#### [Input for this task]
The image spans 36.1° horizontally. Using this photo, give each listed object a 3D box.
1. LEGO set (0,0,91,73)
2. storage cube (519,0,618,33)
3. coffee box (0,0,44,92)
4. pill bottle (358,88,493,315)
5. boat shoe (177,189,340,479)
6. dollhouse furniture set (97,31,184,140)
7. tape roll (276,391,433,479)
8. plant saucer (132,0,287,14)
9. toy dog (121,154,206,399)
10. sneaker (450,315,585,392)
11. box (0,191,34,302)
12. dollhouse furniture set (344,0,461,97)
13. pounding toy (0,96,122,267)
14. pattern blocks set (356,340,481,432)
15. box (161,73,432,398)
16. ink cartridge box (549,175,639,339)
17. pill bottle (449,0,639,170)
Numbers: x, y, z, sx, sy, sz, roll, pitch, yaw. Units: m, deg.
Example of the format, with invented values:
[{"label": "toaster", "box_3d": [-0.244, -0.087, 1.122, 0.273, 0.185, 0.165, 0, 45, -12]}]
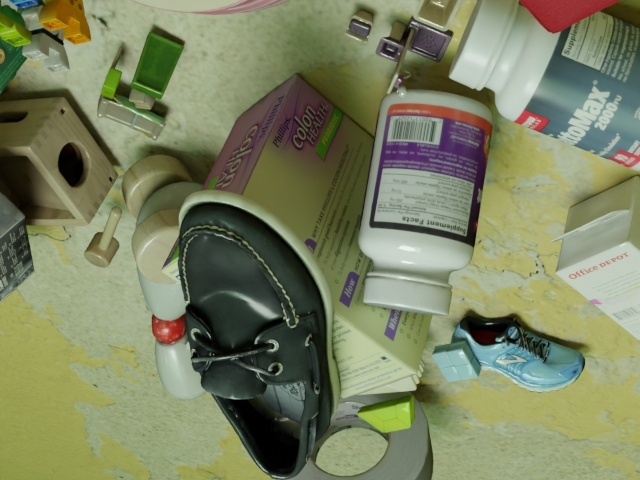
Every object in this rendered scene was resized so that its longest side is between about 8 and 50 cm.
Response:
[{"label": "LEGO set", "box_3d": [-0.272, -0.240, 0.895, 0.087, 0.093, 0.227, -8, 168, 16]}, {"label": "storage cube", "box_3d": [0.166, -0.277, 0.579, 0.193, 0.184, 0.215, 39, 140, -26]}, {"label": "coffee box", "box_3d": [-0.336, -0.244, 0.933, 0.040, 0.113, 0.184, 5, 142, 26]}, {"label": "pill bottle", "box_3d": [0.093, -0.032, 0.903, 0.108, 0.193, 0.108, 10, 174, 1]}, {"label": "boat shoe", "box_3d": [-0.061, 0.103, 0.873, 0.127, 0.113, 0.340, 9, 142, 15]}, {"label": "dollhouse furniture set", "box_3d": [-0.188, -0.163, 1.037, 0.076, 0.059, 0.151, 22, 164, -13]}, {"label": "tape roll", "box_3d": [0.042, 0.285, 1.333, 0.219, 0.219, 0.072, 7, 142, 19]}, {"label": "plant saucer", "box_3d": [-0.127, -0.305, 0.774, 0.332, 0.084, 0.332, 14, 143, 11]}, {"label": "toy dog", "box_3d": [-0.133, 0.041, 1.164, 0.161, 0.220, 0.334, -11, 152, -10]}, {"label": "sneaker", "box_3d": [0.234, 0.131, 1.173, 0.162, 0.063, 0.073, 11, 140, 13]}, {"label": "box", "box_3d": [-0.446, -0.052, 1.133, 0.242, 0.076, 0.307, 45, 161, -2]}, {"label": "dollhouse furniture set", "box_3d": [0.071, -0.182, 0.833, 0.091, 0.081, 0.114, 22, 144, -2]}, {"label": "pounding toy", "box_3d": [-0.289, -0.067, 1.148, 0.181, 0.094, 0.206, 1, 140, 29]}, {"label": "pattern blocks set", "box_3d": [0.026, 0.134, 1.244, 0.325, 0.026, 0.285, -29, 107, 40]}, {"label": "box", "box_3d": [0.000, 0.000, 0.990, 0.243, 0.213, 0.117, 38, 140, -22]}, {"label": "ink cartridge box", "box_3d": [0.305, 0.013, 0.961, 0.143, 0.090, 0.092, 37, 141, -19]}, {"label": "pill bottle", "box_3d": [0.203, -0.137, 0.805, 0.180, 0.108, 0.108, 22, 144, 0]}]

* * *

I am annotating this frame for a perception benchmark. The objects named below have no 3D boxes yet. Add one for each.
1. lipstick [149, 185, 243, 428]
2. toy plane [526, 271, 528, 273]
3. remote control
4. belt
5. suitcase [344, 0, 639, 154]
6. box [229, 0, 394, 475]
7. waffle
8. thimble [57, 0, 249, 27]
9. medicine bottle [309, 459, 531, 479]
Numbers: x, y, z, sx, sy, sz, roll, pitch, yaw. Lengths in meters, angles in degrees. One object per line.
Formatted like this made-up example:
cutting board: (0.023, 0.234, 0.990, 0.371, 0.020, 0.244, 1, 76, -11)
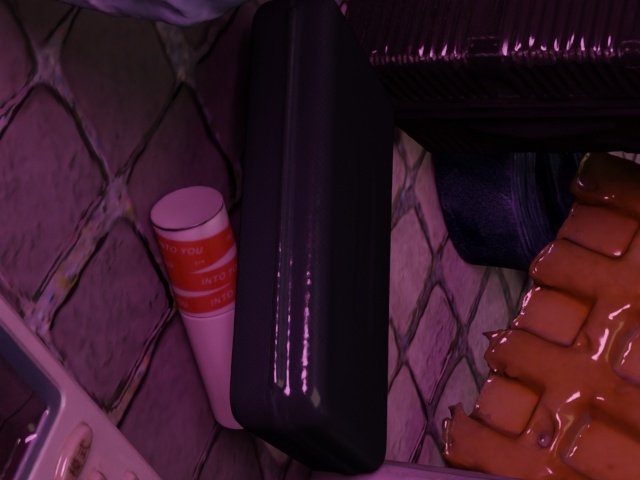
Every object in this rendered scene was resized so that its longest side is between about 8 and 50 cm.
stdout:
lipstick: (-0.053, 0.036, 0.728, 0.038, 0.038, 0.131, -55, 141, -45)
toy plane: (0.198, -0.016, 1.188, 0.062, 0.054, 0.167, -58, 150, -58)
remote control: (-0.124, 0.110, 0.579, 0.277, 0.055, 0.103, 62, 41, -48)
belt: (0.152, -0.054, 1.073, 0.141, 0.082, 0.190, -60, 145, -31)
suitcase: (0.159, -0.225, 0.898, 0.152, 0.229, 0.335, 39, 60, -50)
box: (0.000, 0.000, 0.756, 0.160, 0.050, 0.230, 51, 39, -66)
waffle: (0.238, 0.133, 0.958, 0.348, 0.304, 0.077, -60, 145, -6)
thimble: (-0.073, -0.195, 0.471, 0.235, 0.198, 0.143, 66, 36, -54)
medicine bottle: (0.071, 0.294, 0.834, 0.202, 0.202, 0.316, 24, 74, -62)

--

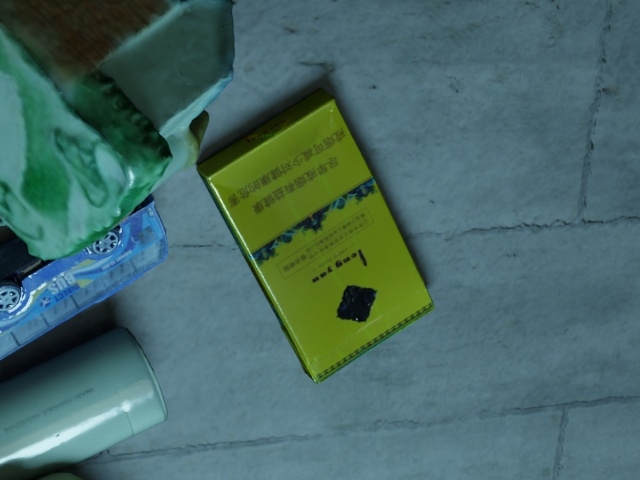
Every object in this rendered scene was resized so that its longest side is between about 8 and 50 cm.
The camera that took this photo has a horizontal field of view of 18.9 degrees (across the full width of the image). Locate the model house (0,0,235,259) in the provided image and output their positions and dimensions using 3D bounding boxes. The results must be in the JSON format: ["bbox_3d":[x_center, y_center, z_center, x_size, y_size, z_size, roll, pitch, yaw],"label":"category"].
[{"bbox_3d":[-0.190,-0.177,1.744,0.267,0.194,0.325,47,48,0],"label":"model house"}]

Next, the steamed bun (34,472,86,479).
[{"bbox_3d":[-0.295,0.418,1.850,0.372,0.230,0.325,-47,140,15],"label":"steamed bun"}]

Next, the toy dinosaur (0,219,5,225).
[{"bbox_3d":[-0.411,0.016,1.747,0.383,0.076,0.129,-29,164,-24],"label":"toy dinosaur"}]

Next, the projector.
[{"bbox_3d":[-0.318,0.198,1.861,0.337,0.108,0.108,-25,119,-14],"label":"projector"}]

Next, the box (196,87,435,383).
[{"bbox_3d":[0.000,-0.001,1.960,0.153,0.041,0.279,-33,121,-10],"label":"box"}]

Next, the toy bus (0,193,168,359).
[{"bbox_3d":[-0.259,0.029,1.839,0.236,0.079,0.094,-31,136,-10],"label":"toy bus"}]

#### [Exercise goal]
Copy exactly the stretch of data above from the line with "I am annotating" through the line with "1, 76, -11)", and omit all other lines.

#### [Task answer]
I am annotating this frame for a perception benchmark. The objects named below have no 3D boxes yet. Add one for each.
1. lipstick [149, 185, 243, 428]
2. toy plane [526, 271, 528, 273]
3. remote control
4. belt
5. suitcase [344, 0, 639, 154]
6. box [229, 0, 394, 475]
7. waffle
8. thimble [57, 0, 249, 27]
9. medicine bottle [309, 459, 531, 479]
Numbers: x, y, z, sx, sy, sz, roll, pitch, yaw. Lengths in meters, angles in degrees. One object per line.
Formatted like this made-up example:
cutting board: (0.023, 0.234, 0.990, 0.371, 0.020, 0.244, 1, 76, -11)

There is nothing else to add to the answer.